Using the entries below, output each line exactly from the first through the one that contains "text Daar staan".

· · · · ·

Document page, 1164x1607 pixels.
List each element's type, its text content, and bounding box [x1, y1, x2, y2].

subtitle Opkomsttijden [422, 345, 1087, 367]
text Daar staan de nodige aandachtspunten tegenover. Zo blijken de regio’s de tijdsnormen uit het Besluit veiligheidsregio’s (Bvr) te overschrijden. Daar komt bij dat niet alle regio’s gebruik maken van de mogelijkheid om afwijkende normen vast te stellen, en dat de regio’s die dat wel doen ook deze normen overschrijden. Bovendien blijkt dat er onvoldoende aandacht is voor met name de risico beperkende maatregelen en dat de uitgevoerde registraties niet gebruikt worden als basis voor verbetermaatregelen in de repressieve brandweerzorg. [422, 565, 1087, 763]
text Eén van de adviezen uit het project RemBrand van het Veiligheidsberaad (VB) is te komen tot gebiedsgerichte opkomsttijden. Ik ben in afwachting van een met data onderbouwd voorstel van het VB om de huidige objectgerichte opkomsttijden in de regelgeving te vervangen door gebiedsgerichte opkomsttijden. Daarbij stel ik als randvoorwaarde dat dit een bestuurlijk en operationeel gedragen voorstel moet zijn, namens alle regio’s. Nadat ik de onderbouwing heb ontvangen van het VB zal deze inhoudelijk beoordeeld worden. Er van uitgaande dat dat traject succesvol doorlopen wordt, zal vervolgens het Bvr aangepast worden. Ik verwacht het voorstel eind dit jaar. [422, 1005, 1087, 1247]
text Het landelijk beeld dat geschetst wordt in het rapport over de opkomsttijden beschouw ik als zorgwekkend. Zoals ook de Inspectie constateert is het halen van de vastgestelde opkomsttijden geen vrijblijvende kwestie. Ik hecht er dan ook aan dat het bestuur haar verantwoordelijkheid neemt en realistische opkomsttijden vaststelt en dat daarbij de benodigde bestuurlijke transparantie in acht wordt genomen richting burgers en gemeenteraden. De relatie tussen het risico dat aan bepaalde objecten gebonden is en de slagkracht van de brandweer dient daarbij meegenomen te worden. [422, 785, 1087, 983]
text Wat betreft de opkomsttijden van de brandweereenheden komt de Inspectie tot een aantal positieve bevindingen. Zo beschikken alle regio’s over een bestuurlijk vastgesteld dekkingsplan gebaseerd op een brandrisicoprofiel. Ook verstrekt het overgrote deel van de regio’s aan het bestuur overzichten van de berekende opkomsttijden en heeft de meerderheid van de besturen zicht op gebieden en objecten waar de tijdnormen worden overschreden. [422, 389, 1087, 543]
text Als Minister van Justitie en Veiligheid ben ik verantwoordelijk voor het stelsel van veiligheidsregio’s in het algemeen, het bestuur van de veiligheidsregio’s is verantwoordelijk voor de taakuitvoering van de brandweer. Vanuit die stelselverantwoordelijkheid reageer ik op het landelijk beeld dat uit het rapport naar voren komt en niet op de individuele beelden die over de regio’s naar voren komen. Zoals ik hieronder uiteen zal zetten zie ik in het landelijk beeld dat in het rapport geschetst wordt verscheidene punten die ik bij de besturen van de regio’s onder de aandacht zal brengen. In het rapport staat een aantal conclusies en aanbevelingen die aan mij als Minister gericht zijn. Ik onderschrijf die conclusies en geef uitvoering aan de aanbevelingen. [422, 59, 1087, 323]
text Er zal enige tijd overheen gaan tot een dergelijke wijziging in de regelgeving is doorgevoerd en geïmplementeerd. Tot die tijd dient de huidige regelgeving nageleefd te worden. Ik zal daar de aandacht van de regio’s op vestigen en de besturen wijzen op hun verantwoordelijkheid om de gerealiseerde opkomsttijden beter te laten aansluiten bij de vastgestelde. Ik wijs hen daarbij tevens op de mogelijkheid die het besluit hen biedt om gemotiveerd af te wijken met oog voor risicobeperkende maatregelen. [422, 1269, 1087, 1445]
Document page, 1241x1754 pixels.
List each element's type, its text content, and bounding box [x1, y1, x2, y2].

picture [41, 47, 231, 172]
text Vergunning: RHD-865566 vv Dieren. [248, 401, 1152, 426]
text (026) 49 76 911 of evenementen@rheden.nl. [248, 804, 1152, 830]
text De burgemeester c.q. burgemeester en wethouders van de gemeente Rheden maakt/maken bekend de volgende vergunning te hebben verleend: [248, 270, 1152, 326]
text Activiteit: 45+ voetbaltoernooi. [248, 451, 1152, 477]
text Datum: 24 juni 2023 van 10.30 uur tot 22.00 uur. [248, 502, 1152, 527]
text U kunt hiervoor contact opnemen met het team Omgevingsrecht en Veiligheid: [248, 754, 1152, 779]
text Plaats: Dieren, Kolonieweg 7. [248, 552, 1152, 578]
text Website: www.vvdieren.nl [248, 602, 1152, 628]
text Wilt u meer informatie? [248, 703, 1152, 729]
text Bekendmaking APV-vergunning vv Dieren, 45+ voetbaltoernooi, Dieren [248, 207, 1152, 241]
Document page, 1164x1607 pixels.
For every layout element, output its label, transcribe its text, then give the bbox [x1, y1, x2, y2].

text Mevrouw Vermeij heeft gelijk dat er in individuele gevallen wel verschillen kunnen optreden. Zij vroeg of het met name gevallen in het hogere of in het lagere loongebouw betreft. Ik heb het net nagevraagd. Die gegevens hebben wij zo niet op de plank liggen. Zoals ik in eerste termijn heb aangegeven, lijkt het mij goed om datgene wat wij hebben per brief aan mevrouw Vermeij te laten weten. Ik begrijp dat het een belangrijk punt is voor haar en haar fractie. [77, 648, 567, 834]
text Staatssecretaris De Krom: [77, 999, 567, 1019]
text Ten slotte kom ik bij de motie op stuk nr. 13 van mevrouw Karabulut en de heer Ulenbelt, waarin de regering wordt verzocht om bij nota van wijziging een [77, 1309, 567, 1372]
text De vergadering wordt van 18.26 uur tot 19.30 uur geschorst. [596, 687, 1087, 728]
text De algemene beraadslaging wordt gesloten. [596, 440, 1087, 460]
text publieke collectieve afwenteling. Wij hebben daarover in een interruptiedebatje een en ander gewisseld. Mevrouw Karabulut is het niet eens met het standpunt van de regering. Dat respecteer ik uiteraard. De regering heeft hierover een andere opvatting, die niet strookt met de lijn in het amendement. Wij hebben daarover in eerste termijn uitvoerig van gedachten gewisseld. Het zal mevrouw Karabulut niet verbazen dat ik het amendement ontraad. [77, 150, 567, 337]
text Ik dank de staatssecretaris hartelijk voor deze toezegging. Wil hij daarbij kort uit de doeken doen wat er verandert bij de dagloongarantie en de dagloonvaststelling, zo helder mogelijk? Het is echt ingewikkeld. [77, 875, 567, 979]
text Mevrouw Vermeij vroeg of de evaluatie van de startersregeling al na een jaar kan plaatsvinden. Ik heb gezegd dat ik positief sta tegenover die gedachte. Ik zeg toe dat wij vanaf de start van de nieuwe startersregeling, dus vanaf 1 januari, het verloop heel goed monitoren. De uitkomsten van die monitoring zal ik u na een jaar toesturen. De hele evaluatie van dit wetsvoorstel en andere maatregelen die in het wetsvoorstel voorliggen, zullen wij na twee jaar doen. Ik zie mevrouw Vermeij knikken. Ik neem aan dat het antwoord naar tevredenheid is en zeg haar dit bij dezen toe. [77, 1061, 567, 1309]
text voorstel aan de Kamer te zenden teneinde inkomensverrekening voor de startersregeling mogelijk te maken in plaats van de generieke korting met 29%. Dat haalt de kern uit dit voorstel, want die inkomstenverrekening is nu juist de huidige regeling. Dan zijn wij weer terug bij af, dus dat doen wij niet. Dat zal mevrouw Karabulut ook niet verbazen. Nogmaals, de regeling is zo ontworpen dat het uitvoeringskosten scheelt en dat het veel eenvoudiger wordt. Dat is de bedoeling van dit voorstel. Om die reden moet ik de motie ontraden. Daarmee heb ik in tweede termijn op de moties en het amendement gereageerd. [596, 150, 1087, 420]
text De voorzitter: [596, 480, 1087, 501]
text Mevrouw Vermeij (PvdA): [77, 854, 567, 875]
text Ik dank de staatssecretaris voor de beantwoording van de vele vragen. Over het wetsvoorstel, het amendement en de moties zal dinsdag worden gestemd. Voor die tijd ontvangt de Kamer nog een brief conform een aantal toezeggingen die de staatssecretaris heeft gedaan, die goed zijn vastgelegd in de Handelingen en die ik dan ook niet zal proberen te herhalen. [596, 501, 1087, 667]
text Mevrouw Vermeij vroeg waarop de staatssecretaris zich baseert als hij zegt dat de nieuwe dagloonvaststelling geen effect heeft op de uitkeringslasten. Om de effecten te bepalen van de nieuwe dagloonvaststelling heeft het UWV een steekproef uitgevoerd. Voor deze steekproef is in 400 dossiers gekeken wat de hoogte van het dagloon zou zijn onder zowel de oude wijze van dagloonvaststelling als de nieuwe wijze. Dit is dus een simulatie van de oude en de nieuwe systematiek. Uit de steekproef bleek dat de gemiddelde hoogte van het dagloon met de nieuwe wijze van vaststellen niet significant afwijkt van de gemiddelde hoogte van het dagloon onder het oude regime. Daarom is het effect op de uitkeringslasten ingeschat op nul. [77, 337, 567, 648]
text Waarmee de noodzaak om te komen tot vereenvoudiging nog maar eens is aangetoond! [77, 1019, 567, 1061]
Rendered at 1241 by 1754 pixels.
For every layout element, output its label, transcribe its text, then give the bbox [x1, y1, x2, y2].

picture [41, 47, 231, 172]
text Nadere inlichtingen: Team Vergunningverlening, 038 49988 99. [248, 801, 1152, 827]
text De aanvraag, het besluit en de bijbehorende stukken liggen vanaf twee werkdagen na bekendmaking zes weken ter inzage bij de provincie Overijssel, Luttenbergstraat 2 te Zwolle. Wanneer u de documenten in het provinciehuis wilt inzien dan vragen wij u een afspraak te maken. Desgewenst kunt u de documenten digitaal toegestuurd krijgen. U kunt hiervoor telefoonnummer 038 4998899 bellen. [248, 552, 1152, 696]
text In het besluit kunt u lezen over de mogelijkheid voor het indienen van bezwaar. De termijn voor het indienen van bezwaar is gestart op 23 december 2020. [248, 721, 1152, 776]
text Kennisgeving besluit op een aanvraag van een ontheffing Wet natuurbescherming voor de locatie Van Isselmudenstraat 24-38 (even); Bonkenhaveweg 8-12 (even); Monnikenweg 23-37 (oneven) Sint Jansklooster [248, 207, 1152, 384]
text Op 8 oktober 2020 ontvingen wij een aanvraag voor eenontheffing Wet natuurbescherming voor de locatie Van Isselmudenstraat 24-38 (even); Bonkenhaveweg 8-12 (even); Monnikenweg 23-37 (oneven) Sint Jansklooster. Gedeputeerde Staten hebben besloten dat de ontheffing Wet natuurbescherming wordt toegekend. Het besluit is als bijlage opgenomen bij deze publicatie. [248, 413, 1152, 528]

· · · · ·

Response to this exercise -
Document page, 1164x1607 pixels.
List each element's type, its text content, and bounding box [x1, y1, x2, y2].

subtitle Opkomsttijden [422, 345, 1087, 367]
text Daar staan de nodige aandachtspunten tegenover. Zo blijken de regio’s de tijdsnormen uit het Besluit veiligheidsregio’s (Bvr) te overschrijden. Daar komt bij dat niet alle regio’s gebruik maken van de mogelijkheid om afwijkende normen vast te stellen, en dat de regio’s die dat wel doen ook deze normen overschrijden. Bovendien blijkt dat er onvoldoende aandacht is voor met name de risico beperkende maatregelen en dat de uitgevoerde registraties niet gebruikt worden als basis voor verbetermaatregelen in de repressieve brandweerzorg. [422, 565, 1087, 763]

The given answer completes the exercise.